After defining the decoder function, the script shifts into its main payload logic. It initializes a large base64 blob containing an embedded .NET assembly, decodes and Gzip decompresses it, then loads the resulting binary directly into memory using System.Reflection.Assembly::Load. Once the assembly is in place, the script identifies its Main method and invokes it via reflection, bringing a compact .NET component into the process. That assembly acts as a helper runtime for later stages, providing utilities such as dynamic assembly loading and method invocation for later stages.
Decoding and loading the embedded .NET assembly directly into memory.
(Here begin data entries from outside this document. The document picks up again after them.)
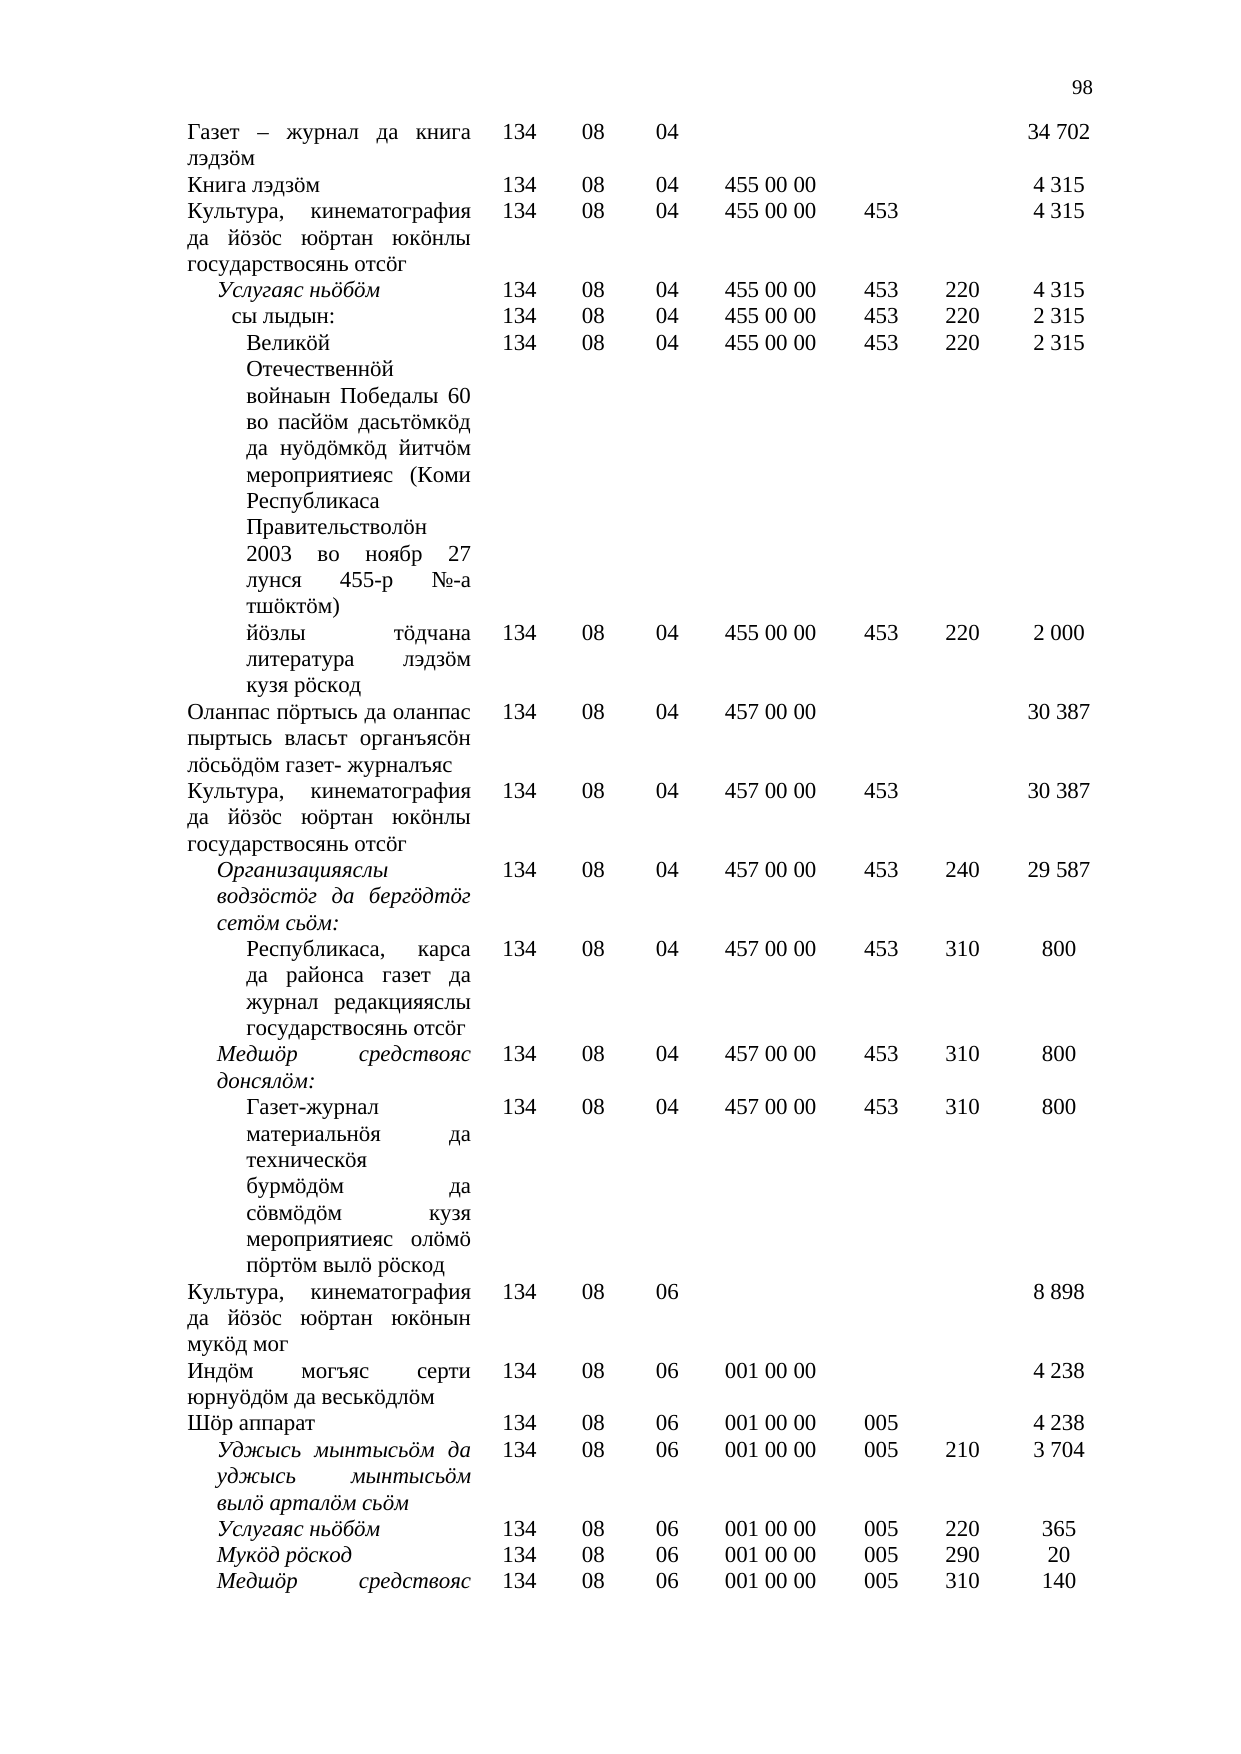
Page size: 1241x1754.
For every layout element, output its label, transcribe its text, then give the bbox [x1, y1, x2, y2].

table_cell 06 [630, 1357, 704, 1409]
table_cell 134 [482, 329, 556, 619]
table_cell Медшöр средствояс донсялöм: [176, 1041, 482, 1093]
table_cell Культура, кинематография да йöзöс юöртан юкöнлы государствосянь отсöг [176, 197, 482, 276]
table_cell 453 [837, 197, 925, 276]
table_cell 457 00 00 [704, 935, 837, 1041]
table_cell 453 [837, 777, 925, 856]
table_cell 005 [837, 1568, 925, 1594]
table_cell 06 [630, 1541, 704, 1568]
table_cell [925, 698, 999, 777]
table_cell 134 [482, 777, 556, 856]
table_cell 06 [630, 1410, 704, 1436]
table_cell 140 [999, 1568, 1118, 1594]
table_cell 30 387 [999, 698, 1118, 777]
table_cell 8 898 [999, 1278, 1118, 1357]
table_cell 06 [630, 1436, 704, 1515]
table_cell Услугаяс ньöбöм [176, 276, 482, 303]
table_cell 04 [630, 197, 704, 276]
table_cell 365 [999, 1515, 1118, 1541]
table_cell 457 00 00 [704, 777, 837, 856]
table_cell 457 00 00 [704, 1093, 837, 1278]
table_cell 455 00 00 [704, 171, 837, 197]
table_cell 08 [556, 619, 630, 698]
table_cell 04 [630, 935, 704, 1041]
table_cell 134 [482, 935, 556, 1041]
table_cell 001 00 00 [704, 1568, 837, 1594]
table_cell 2 315 [999, 329, 1118, 619]
table_cell 310 [925, 1568, 999, 1594]
table_cell 29 587 [999, 856, 1118, 935]
table_cell 134 [482, 1093, 556, 1278]
table_cell [925, 118, 999, 171]
table_cell 08 [556, 1410, 630, 1436]
table_cell 4 238 [999, 1410, 1118, 1436]
table_cell 005 [837, 1436, 925, 1515]
table_cell 08 [556, 777, 630, 856]
table_cell [704, 118, 837, 171]
table_cell 001 00 00 [704, 1410, 837, 1436]
table_cell 455 00 00 [704, 276, 837, 303]
table_cell 457 00 00 [704, 1041, 837, 1093]
table_cell 134 [482, 1278, 556, 1357]
table_cell Организацияяслы водзöстöг да бергöдтöг сетöм сьöм: [176, 856, 482, 935]
table_cell 4 315 [999, 276, 1118, 303]
table_cell 005 [837, 1541, 925, 1568]
table_cell 220 [925, 329, 999, 619]
table_cell Услугаяс ньöбöм [176, 1515, 482, 1541]
table_cell 134 [482, 1410, 556, 1436]
table_cell 08 [556, 118, 630, 171]
table_cell 001 00 00 [704, 1541, 837, 1568]
table_cell 134 [482, 698, 556, 777]
table_cell [925, 171, 999, 197]
table_cell 04 [630, 698, 704, 777]
table_cell 455 00 00 [704, 329, 837, 619]
table_cell 005 [837, 1410, 925, 1436]
table_cell [837, 698, 925, 777]
table_cell [837, 118, 925, 171]
table_cell Республикаса, карса да районса газет да журнал редакцияяслы государствосянь отсöг [176, 935, 482, 1041]
table_cell [837, 171, 925, 197]
table_cell Оланпас пöртысь да оланпас пыртысь власьт органъясöн лöсьöдöм газет- журналъяс [176, 698, 482, 777]
table_cell 134 [482, 1436, 556, 1515]
table_cell 08 [556, 1278, 630, 1357]
table_cell 290 [925, 1541, 999, 1568]
table_cell 453 [837, 1093, 925, 1278]
table_cell 08 [556, 171, 630, 197]
table_cell 4 315 [999, 197, 1118, 276]
table_cell 455 00 00 [704, 197, 837, 276]
table_cell 457 00 00 [704, 698, 837, 777]
table_cell 08 [556, 1515, 630, 1541]
table_cell [925, 1357, 999, 1409]
table_cell 04 [630, 777, 704, 856]
table_cell 457 00 00 [704, 856, 837, 935]
table_cell 134 [482, 1541, 556, 1568]
table_cell 800 [999, 1041, 1118, 1093]
table_cell 04 [630, 856, 704, 935]
table_cell 08 [556, 1541, 630, 1568]
table_cell 3 704 [999, 1436, 1118, 1515]
table_cell 453 [837, 303, 925, 329]
table_cell 08 [556, 1568, 630, 1594]
table_cell 453 [837, 856, 925, 935]
table_cell 08 [556, 1436, 630, 1515]
table_cell 310 [925, 1041, 999, 1093]
table_cell [925, 777, 999, 856]
table_cell 310 [925, 935, 999, 1041]
table_cell 453 [837, 1041, 925, 1093]
table_cell Великöй Отечественнöй войнаын Победалы 60 во пасйöм дасьтöмкöд да нуöдöмкöд йитчöм мероприятиеяс (Коми Республикаса Правительстволöн 2003 во ноябр 27 лунся 455-р №-а тшöктöм) [176, 329, 482, 619]
table_cell 134 [482, 118, 556, 171]
table_cell 04 [630, 118, 704, 171]
table_cell 08 [556, 1357, 630, 1409]
table_cell Индöм могъяс серти юрнуöдöм да веськöдлöм [176, 1357, 482, 1409]
table_cell 134 [482, 1568, 556, 1594]
table_cell 2 315 [999, 303, 1118, 329]
table_cell 20 [999, 1541, 1118, 1568]
table_cell 800 [999, 1093, 1118, 1278]
table_cell 08 [556, 856, 630, 935]
table_cell 04 [630, 171, 704, 197]
table_cell 134 [482, 171, 556, 197]
table_cell 455 00 00 [704, 303, 837, 329]
table_cell 310 [925, 1093, 999, 1278]
table_cell [925, 197, 999, 276]
table_cell Шöр аппарат [176, 1410, 482, 1436]
table_cell 220 [925, 619, 999, 698]
table_cell 134 [482, 276, 556, 303]
table_cell 04 [630, 303, 704, 329]
table_cell 001 00 00 [704, 1515, 837, 1541]
table_cell Уджысь мынтысьöм да уджысь мынтысьöм вылö арталöм сьöм [176, 1436, 482, 1515]
table_cell 08 [556, 276, 630, 303]
table_cell 134 [482, 303, 556, 329]
table_cell 08 [556, 698, 630, 777]
table_cell 30 387 [999, 777, 1118, 856]
table_cell 04 [630, 1093, 704, 1278]
table_cell 06 [630, 1515, 704, 1541]
table_cell 220 [925, 303, 999, 329]
table_cell 220 [925, 1515, 999, 1541]
table_cell 210 [925, 1436, 999, 1515]
table_cell сы лыдын: [176, 303, 482, 329]
table_cell 06 [630, 1278, 704, 1357]
table_cell 2 000 [999, 619, 1118, 698]
table_cell 08 [556, 197, 630, 276]
table_cell 455 00 00 [704, 619, 837, 698]
table_cell 08 [556, 329, 630, 619]
table_cell 220 [925, 276, 999, 303]
table_cell 001 00 00 [704, 1436, 837, 1515]
table_cell 4 315 [999, 171, 1118, 197]
table_cell 04 [630, 276, 704, 303]
table_cell 800 [999, 935, 1118, 1041]
table_cell 04 [630, 619, 704, 698]
table_cell 005 [837, 1515, 925, 1541]
table_cell 08 [556, 1041, 630, 1093]
table_cell 134 [482, 1357, 556, 1409]
table_cell 134 [482, 1515, 556, 1541]
table_cell 240 [925, 856, 999, 935]
table_cell Мукöд рöскод [176, 1541, 482, 1568]
table_cell 134 [482, 856, 556, 935]
table_cell Культура, кинематография да йöзöс юöртан юкöнлы государствосянь отсöг [176, 777, 482, 856]
table_cell 34 702 [999, 118, 1118, 171]
table_cell йöзлы тöдчана литература лэдзöм кузя рöскод [176, 619, 482, 698]
table_cell 08 [556, 1093, 630, 1278]
table_cell 134 [482, 619, 556, 698]
table_cell Газет-журнал материальнöя да техническöя бурмöдöм да сöвмöдöм кузя мероприятиеяс олöмö пöртöм вылö рöскод [176, 1093, 482, 1278]
table_cell Книга лэдзöм [176, 171, 482, 197]
table_cell 453 [837, 619, 925, 698]
table_cell 06 [630, 1568, 704, 1594]
table_cell 04 [630, 329, 704, 619]
table_cell 001 00 00 [704, 1357, 837, 1409]
table_cell 134 [482, 197, 556, 276]
table_cell 453 [837, 276, 925, 303]
table_cell Медшöр средствояс [176, 1568, 482, 1594]
table_cell 04 [630, 1041, 704, 1093]
table_cell [925, 1278, 999, 1357]
table_cell 08 [556, 935, 630, 1041]
table_cell Культура, кинематография да йöзöс юöртан юкöнын мукöд мог [176, 1278, 482, 1357]
table_cell 08 [556, 303, 630, 329]
table_cell [837, 1357, 925, 1409]
table_cell 453 [837, 935, 925, 1041]
table_cell 134 [482, 1041, 556, 1093]
table_cell [925, 1410, 999, 1436]
table_cell [704, 1278, 837, 1357]
table_cell 453 [837, 329, 925, 619]
table_cell Газет – журнал да книга лэдзöм [176, 118, 482, 171]
table_cell 4 238 [999, 1357, 1118, 1409]
table_cell [837, 1278, 925, 1357]

With the .NET helper assembly loaded, the script moves on to generating the next set of Command and Control (C2) domains. Using the same DGA pattern described earlier, it creates ten candidate domains by selecting fifteen characters from a lowercase alphanumeric alphabet and appending the .top TLD. This produces the week’s full pool of potential endpoints; all derived from the shared seed logic already discussed. Rather than embedding any static infrastructure in the script, the loader relies on this rotating domain list as its discovery mechanism, testing each domain in sequence until one returns the follow-on payload just as it did in the last stage.
Deterministic weekly DGA routine generating ten fifteen-character .top domains.
With the domain list ready, the loader shifts to building the parameters for its C2 requests. It pulls the local hostname from $env:COMPUTERNAME and generates a six-digit identifier unique to the host, both of which are included in the query string to support tracking and triage on the operator’s side. For each generated domain, the script formats a request to the /st2 path, inserting the campaign’s static GUID along with the hostname and host key. Before entering the loop, it also creates the alias printconsole, which is simply a renamed Invoke-Expression call that will be used to execute whatever the C2 server returns.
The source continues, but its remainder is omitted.